71. Promover las expresiones concretas de la vida de comunión en las propias
comunidades y parroquias, valorando en este sentido las aportaciones de grupos,
asociaciones o movimientos.
d) El testimonio de Cristo dado por la comunidad eclesial y, en particular, por el
presbítero, es el humus necesario para la germinación y el crecimiento de la
vocación sacerdotal
72. Hacer manifiesto, como fundamento de la pastoral vocacional, que las riquezas de
vida y de verdad, de esperanza y de caridad que se encuentran en la comunidad
cristiana tienen su fuente en Jesucristo, presente particularmente en la Eucaristía la
importancia de comunidades vivas y de la comunión entre sacerdotes y laicos es
recordada por muchos [4414; 4422]).
73. Testimoniar que toda vida cristiana es fruto de un encuentro y de una predilección
personal del Señor (varios recuerdan que la vida cristiana es comunión y don de
Dios [4412/1]).
74. Proponer formas de ejercicio efectivo de la caridad, que ayuden a percibir y
comprender las verdaderas dimensiones del amor de Cristo por el bien y el destino
de los hombres.
75. Testimoniar con la propia oración la importancia que tiene la relación con el Señor, y
fomentar momentos de oración para que sea conocido y su llamada sea acogida
por los hombres (hay alusiones frecuentes a la oración, convivencias, ejercicios
espirituales, etc. [4412/6]).
76. Fomentar la estima del sacerdocio en las familias cristianas, en los ámbitos
educativos, en las comunidades eclesiales y, con particular atención, en la pastoral
juvenil (insisten en el significado vocacional de la pastoral juvenil 381 [441212]; y
174 en el del acompañamiento de los jóvenes [4412/4]; en el de las familias
cristianas, 376 [4412/3]; otros hablan de los colegios, la catequesis, los monaguillos
[28 respuestas, en: 4412/5], etc.).
77. Dar testimonio de la propia vocación sacerdotal como entrega de corazón al Señor y
a su Iglesia, particularmente en la celebración de la Eucaristía (varios piden el
testimonio de sacerdotes santos [4412/6; 4414; 4421/2]; es escasa la referencia a la
Eucaristía).
78. A través de la cercanía y del testimonio personal de los sacerdotes, facilitar el
conocimiento de la belleza, la alegría y la fecundidad de la entrega al Señor en la
vocación sacerdotal (resuena con frecuencia el deseo de una imagen y de un
testimonio sacerdotal atractivo, con diversos acentos [varios en: 4413/3; 4414];
piden formas de testimonio personal del sacerdote 311 respuestas [442112]).

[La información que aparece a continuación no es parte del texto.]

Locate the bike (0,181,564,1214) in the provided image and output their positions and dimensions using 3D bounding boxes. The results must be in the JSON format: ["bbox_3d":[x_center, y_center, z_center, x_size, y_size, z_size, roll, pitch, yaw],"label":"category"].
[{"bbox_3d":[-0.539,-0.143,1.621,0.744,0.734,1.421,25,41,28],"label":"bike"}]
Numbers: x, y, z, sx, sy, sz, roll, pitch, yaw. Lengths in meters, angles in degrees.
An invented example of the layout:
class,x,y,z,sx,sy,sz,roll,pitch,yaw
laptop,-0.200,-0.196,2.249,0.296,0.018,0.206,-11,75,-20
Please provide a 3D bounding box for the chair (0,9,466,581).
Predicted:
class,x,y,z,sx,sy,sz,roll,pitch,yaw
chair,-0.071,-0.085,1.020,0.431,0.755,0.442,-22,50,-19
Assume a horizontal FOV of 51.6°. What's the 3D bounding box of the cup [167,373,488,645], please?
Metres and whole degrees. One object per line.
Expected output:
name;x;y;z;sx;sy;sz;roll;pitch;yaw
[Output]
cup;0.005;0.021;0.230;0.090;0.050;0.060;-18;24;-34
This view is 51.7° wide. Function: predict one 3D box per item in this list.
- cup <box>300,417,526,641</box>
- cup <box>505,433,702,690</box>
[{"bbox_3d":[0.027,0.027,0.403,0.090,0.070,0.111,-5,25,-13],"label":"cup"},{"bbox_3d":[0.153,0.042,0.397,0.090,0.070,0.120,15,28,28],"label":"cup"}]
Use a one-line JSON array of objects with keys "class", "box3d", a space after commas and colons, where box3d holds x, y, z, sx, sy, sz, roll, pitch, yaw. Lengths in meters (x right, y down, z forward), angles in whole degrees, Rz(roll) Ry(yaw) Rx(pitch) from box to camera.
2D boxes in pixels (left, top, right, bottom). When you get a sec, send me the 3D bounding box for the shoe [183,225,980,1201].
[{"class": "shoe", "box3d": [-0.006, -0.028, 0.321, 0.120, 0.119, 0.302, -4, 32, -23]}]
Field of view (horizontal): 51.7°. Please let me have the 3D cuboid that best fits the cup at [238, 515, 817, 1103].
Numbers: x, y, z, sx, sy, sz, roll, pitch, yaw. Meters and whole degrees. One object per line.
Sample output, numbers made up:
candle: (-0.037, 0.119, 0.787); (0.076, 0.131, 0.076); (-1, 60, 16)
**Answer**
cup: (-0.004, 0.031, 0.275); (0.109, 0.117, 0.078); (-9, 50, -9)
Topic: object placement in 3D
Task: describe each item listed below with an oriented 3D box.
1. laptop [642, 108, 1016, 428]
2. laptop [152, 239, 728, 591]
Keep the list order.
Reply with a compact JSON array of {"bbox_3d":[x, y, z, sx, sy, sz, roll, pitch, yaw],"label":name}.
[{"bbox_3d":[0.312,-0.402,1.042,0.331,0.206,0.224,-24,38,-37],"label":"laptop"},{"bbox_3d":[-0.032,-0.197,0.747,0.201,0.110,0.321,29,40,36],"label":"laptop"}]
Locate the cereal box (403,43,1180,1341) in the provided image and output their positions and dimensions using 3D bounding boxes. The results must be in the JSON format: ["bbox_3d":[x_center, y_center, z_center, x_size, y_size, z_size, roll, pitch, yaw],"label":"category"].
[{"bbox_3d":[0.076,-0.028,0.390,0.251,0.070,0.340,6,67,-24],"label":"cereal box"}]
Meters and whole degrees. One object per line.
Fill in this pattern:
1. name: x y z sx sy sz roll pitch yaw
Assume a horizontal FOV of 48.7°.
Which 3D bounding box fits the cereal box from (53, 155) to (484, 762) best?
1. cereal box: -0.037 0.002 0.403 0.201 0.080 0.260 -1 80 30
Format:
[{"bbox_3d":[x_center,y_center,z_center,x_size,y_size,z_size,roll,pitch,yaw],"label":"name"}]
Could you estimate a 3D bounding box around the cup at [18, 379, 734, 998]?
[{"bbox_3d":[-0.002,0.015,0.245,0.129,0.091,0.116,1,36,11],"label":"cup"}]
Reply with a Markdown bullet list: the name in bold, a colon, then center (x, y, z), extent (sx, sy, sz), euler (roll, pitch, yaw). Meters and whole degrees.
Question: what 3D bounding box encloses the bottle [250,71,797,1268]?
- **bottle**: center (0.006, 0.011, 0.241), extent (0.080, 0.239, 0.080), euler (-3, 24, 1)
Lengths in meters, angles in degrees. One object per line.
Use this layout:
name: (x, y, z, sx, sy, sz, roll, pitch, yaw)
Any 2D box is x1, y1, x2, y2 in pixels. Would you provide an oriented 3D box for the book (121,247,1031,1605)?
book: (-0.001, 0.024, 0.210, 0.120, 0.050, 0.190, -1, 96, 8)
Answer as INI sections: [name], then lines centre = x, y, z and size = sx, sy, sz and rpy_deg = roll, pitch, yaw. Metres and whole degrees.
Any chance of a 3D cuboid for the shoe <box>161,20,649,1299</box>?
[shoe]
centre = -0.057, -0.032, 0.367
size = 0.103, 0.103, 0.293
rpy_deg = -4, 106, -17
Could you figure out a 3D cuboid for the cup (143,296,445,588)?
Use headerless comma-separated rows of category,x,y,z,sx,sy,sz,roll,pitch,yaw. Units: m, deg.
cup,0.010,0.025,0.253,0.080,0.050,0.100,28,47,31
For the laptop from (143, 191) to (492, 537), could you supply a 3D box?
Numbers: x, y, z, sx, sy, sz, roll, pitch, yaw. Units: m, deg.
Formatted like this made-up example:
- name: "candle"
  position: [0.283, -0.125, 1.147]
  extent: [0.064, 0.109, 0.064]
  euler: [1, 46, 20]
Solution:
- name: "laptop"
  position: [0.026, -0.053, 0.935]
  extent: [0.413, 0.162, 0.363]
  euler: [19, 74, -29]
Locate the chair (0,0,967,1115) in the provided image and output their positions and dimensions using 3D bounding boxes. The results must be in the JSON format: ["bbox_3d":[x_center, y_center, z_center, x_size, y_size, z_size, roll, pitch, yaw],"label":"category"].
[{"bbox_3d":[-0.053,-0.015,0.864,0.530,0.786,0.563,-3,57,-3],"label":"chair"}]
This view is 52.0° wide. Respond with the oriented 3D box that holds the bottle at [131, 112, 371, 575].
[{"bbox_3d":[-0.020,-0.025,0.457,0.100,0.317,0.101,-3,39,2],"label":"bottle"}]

79. Prestar atención a los seminarios, adecuando la formación a las nuevas exigencias
de la evangelización y promoviendo la cercanía de los seminaristas a la vida
ec1esial real, en especial a los jóvenes (piden prestar atención a los seminarios 242
respuestas [4413], de las que 131 insisten en la relación con la vida eclesial real
[441312] y 88 en las exigencias de la nueva evangelización [4413/1]).